** Opening Exercise materials block **

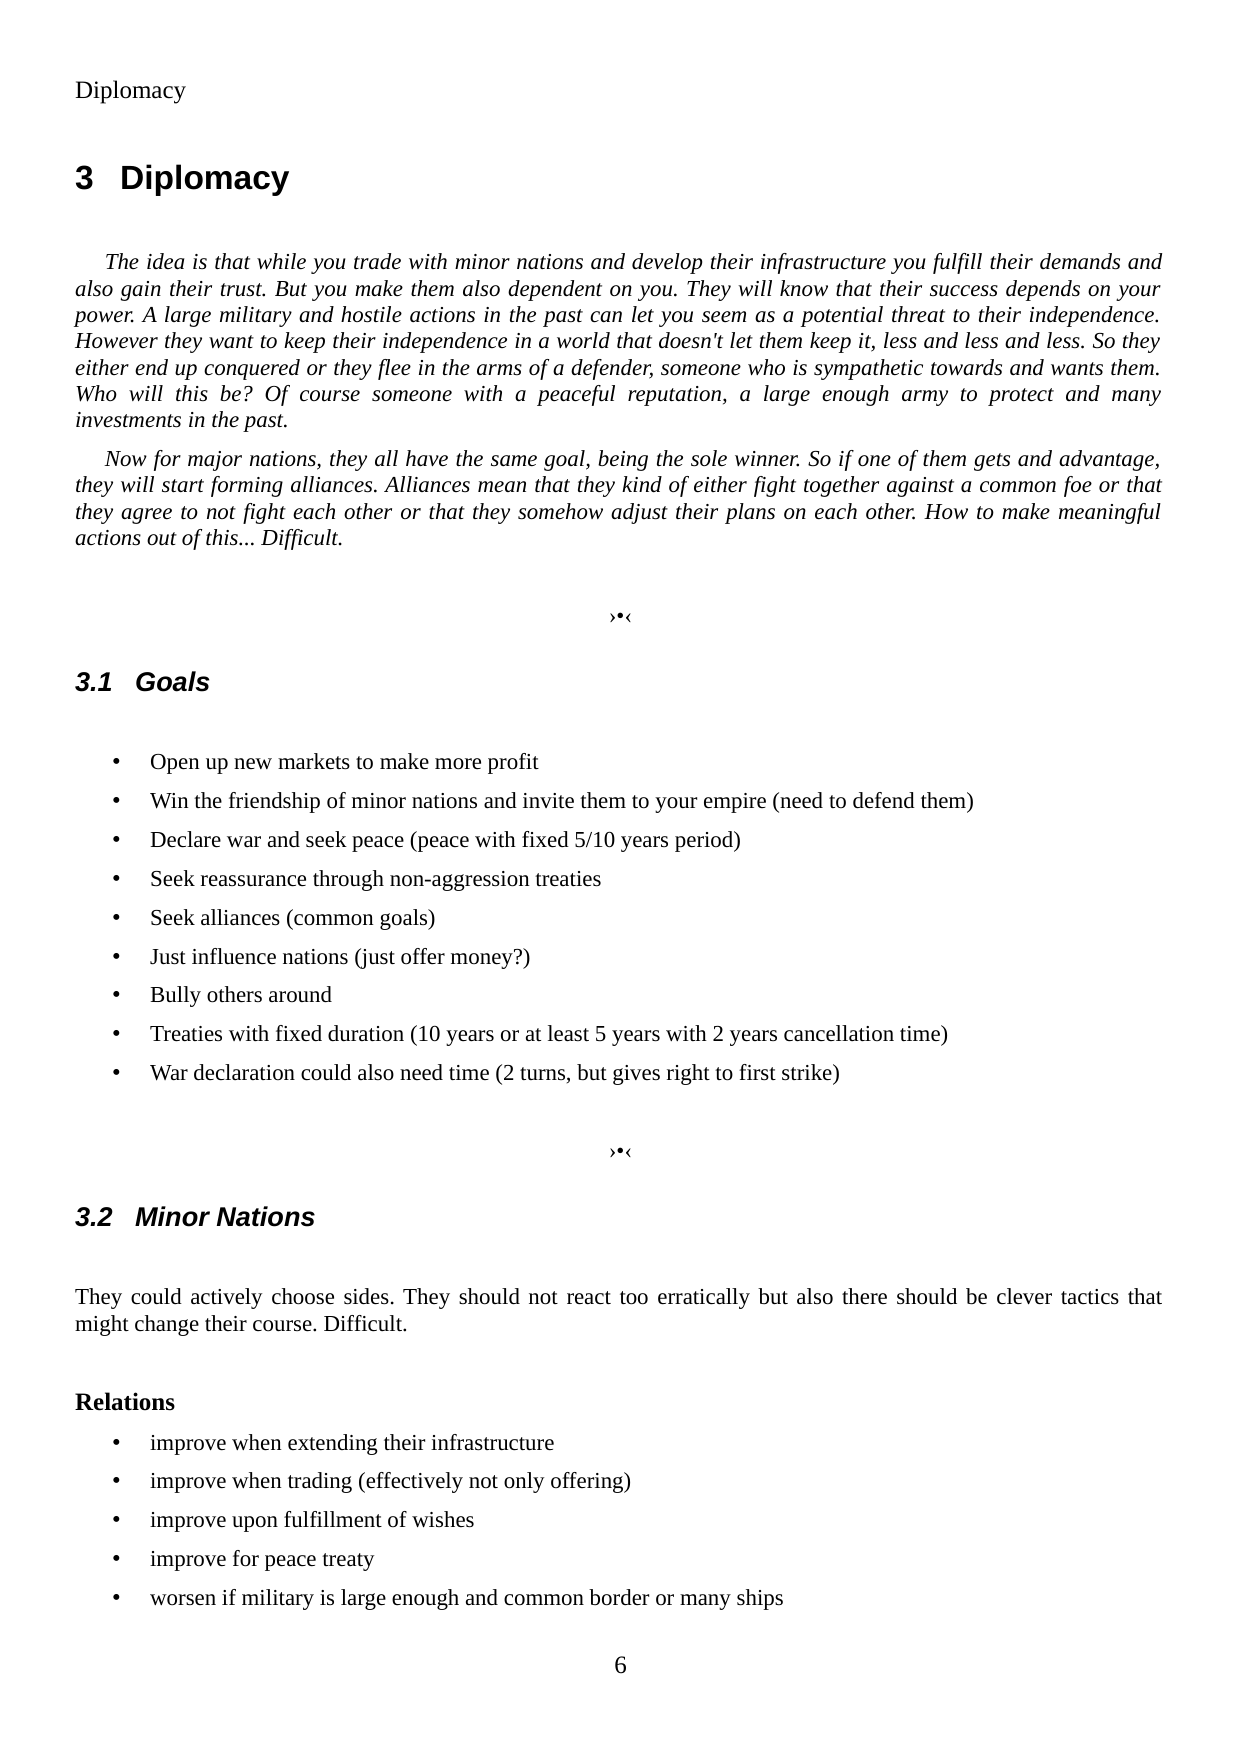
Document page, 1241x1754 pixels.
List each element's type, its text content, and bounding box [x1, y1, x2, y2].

** Closing Exercise materials block **
** Opening Exercise materials block **

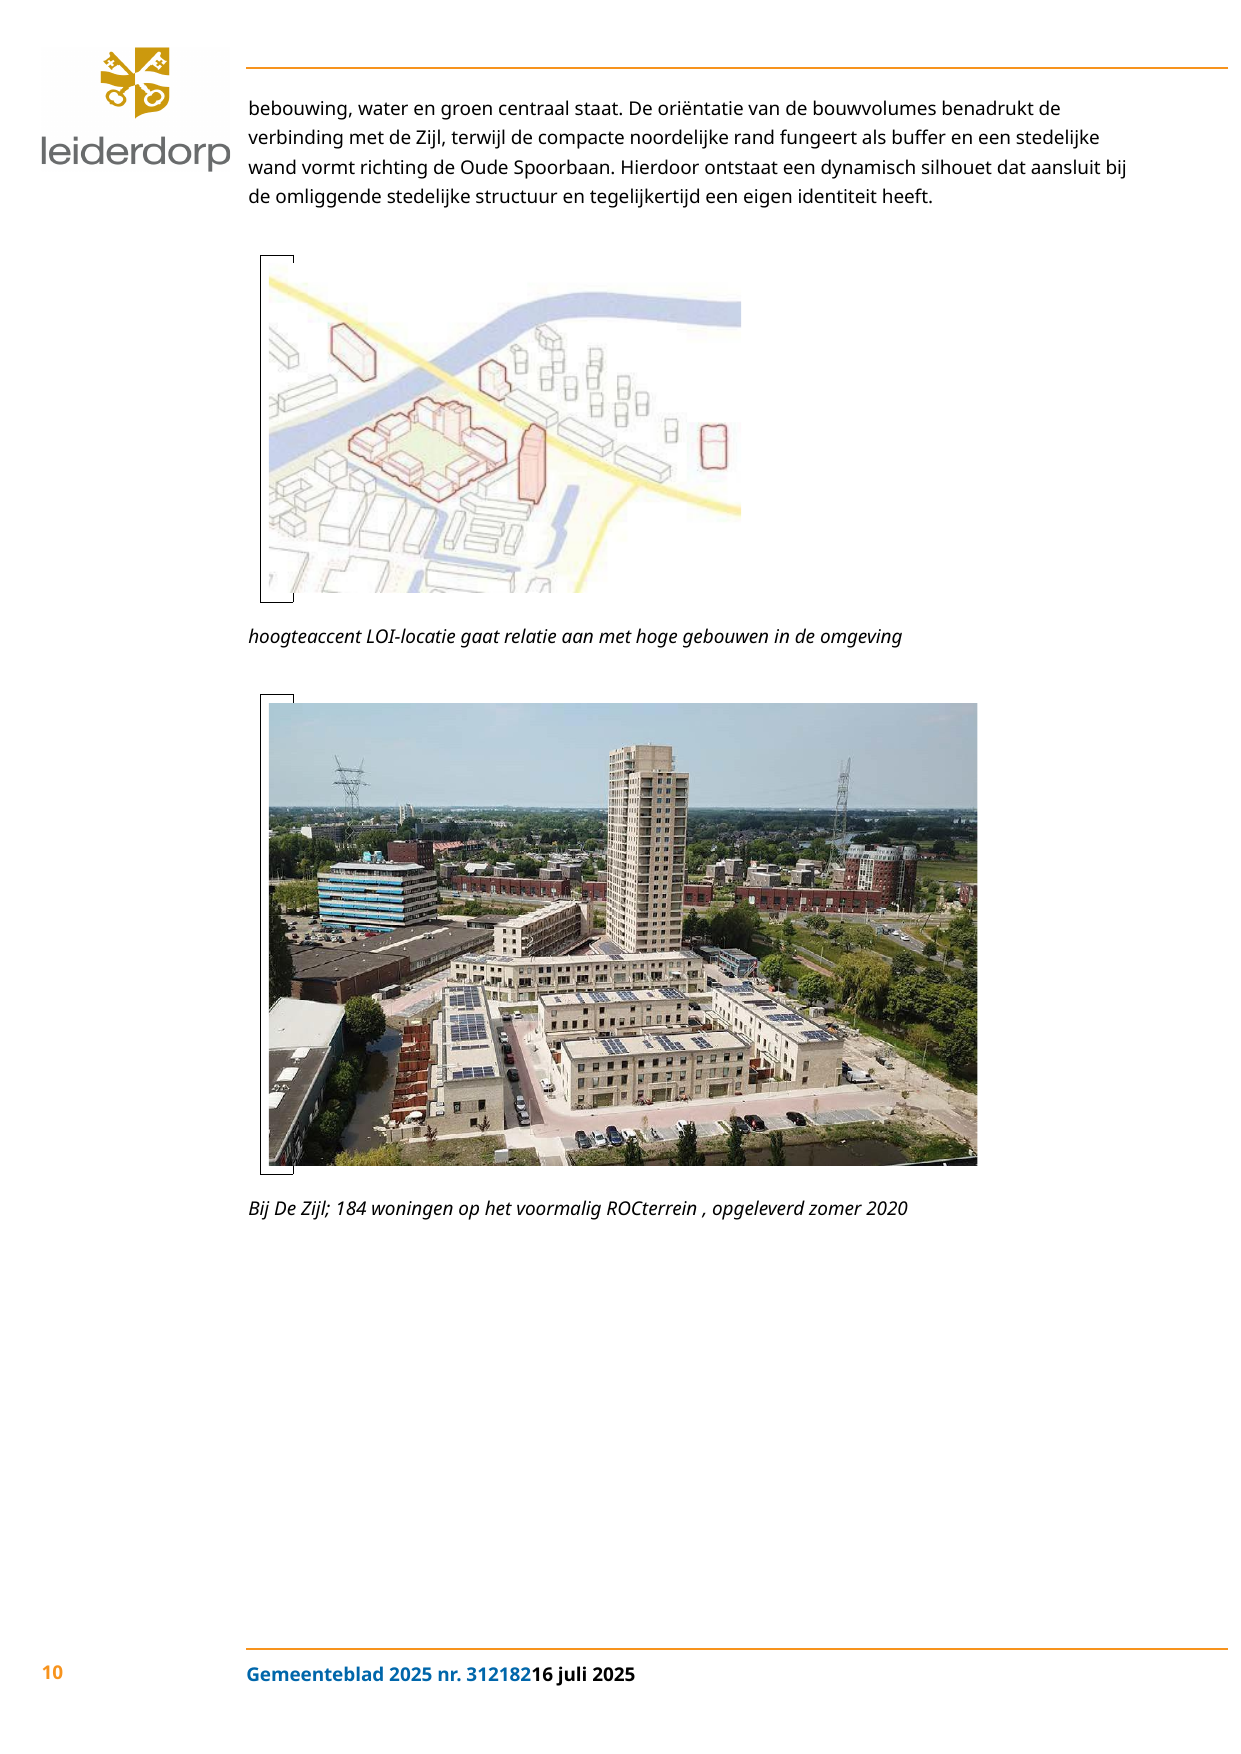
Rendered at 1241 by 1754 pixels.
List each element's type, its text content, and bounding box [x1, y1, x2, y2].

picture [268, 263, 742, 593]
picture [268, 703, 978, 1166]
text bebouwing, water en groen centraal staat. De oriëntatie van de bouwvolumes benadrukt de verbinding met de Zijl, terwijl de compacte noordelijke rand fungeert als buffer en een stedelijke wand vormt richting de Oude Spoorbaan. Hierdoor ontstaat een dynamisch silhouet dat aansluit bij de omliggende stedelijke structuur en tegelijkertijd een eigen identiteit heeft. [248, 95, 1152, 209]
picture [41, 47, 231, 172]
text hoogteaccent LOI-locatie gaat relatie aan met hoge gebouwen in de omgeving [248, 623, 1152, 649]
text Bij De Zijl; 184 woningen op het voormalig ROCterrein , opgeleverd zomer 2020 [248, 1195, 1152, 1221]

** Closing Exercise materials block **
** Opening Exercise materials block **

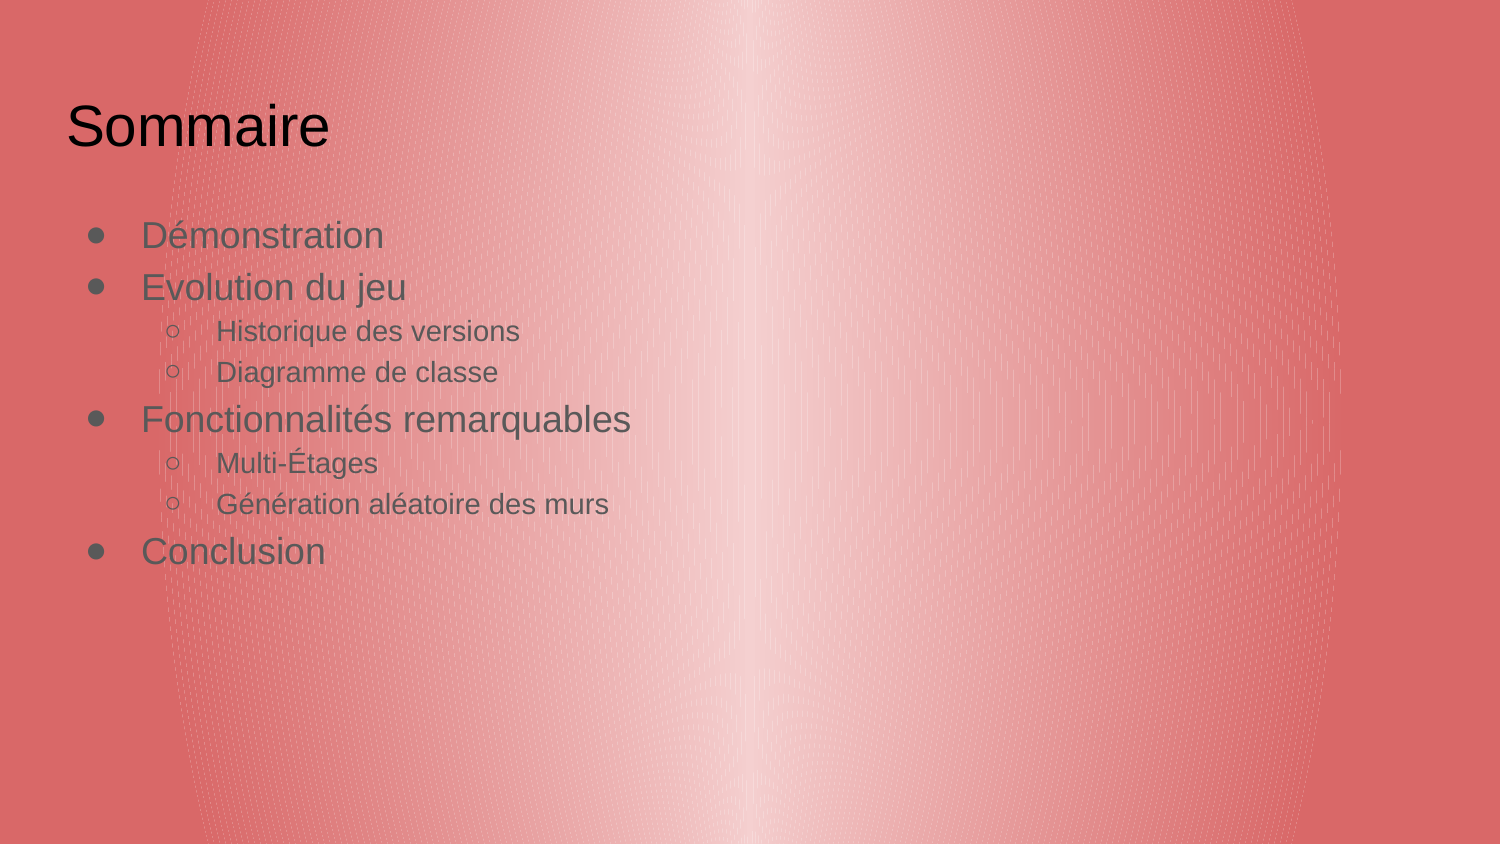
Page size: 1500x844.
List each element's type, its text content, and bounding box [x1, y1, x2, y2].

** Closing Exercise materials block **

■ **Work instructions**
When a line contains the string "pixels", count that line; once every line of the records has been checked, state the count alone.

■ **Answer below**
2